__DATA LISTING__.
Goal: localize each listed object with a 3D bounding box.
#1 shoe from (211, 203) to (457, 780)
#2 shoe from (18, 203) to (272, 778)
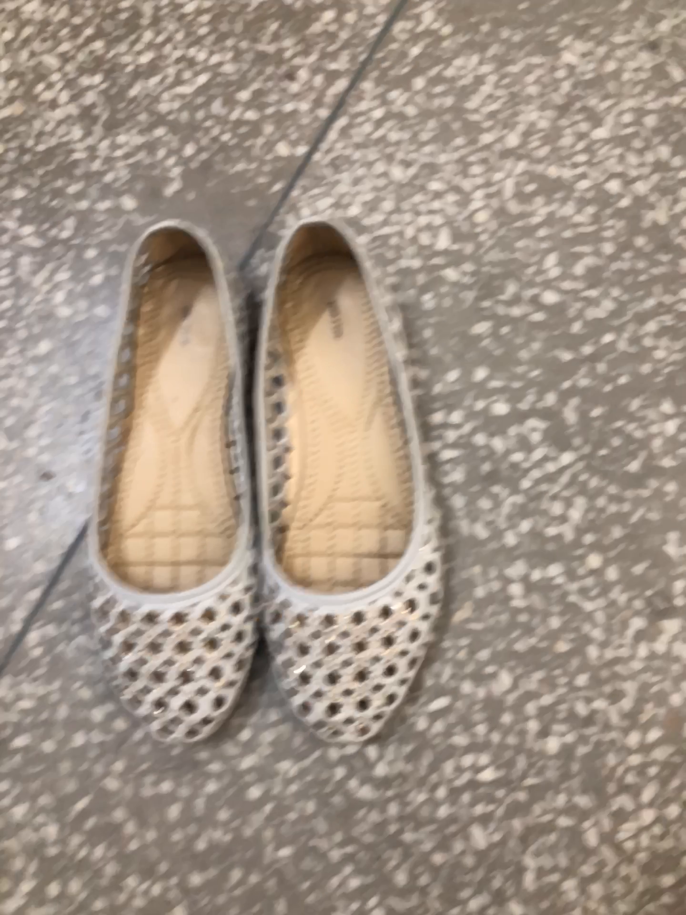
[{"bbox_3d":[-0.006,0.013,0.358,0.093,0.070,0.240,-3,80,1],"label":"shoe"},{"bbox_3d":[-0.087,0.013,0.359,0.093,0.070,0.240,-3,80,1],"label":"shoe"}]
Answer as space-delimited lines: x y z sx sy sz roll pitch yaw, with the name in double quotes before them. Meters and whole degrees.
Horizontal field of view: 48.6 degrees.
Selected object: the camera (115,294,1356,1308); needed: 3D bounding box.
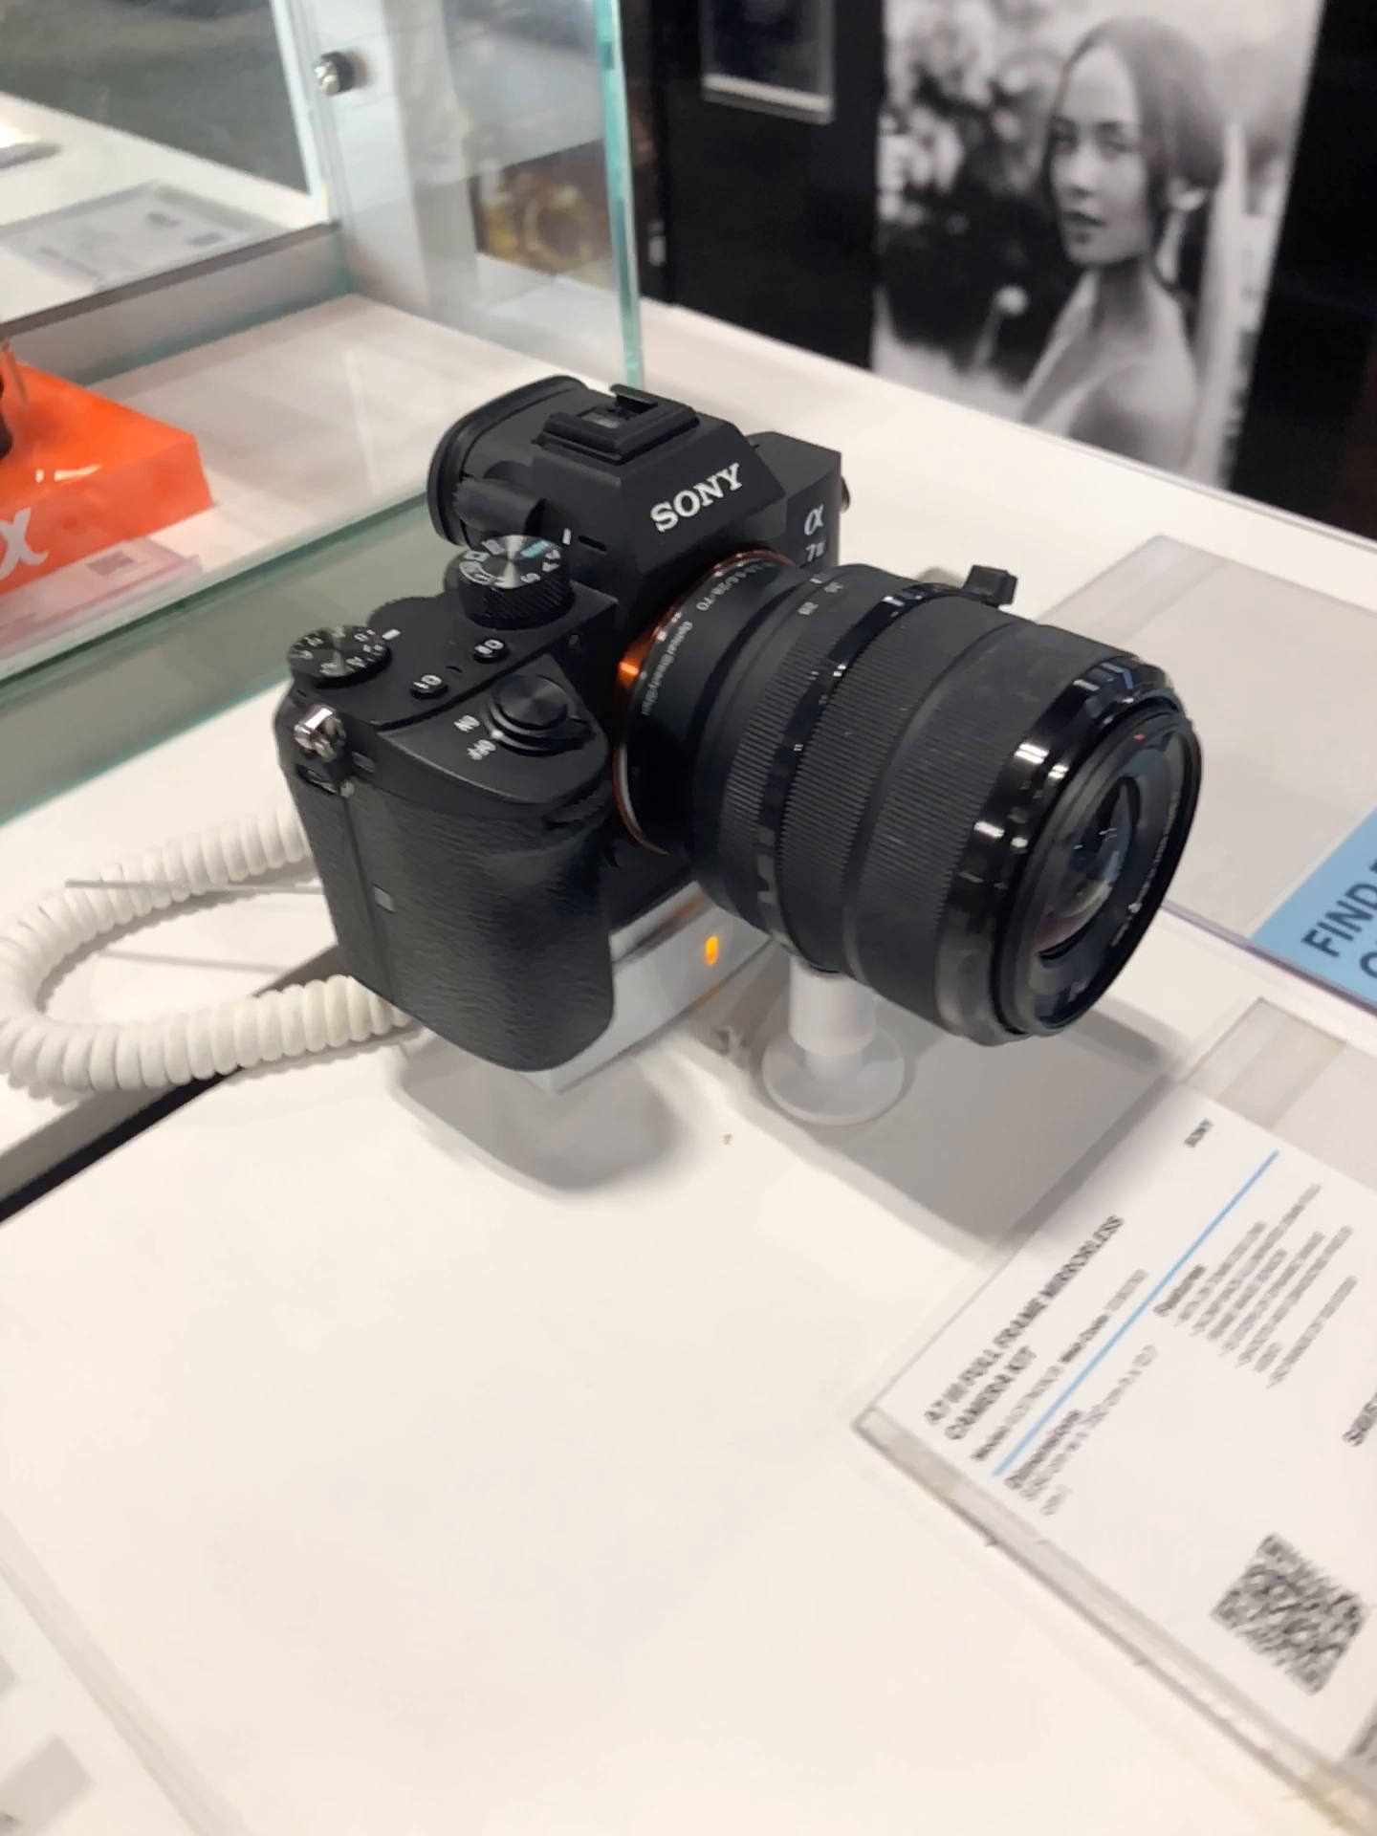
"camera" 0.008 -0.040 0.288 0.161 0.079 0.140 29 51 32
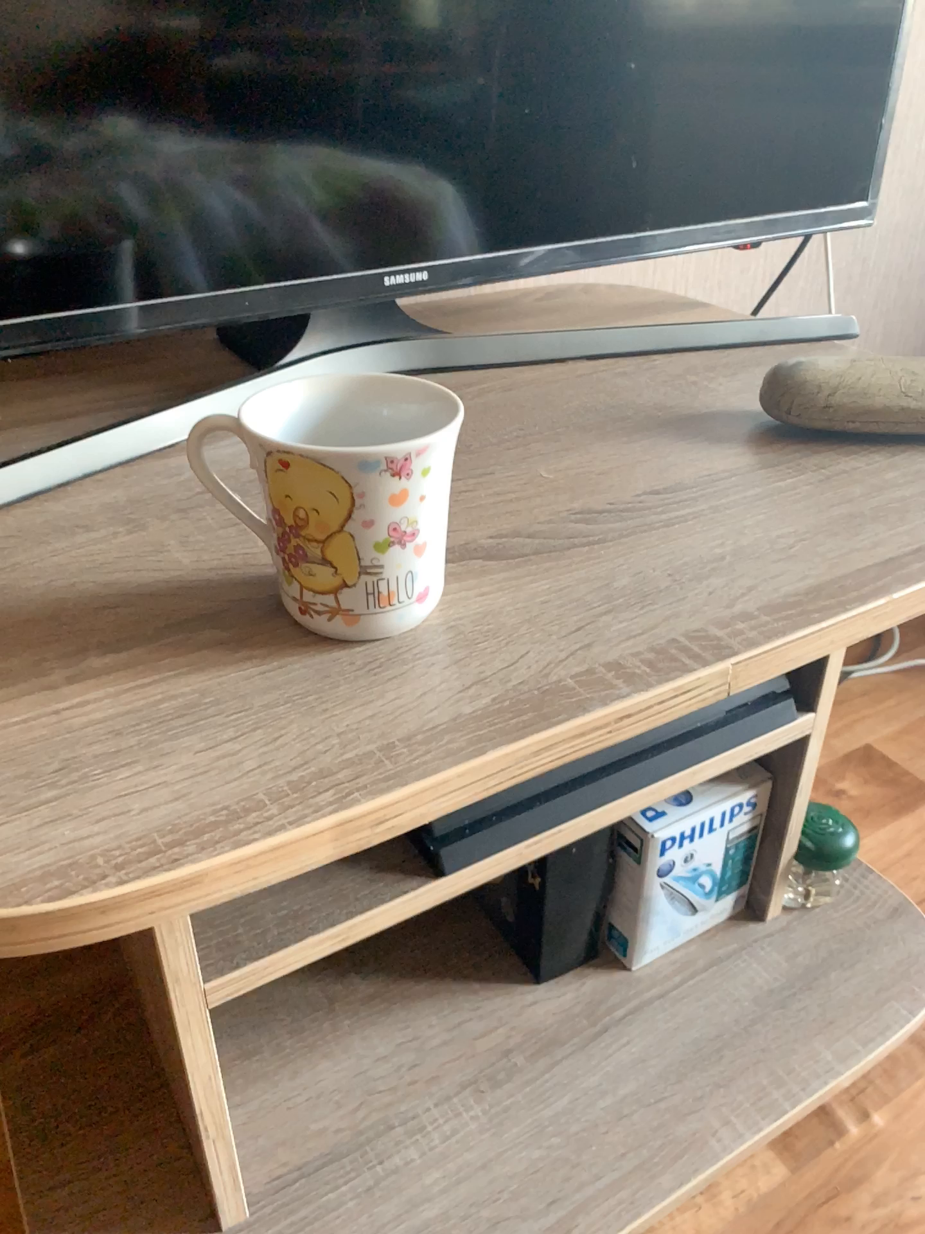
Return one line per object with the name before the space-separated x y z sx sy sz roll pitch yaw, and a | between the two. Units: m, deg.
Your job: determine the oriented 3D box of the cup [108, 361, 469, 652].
cup | -0.057 -0.043 0.354 0.110 0.080 0.070 4 31 6

__WORK INSTRUCTIONS__. How many lines of the listing above include the word "degrees"? State the number and nothing else.

__ANSWER BELOW__. 2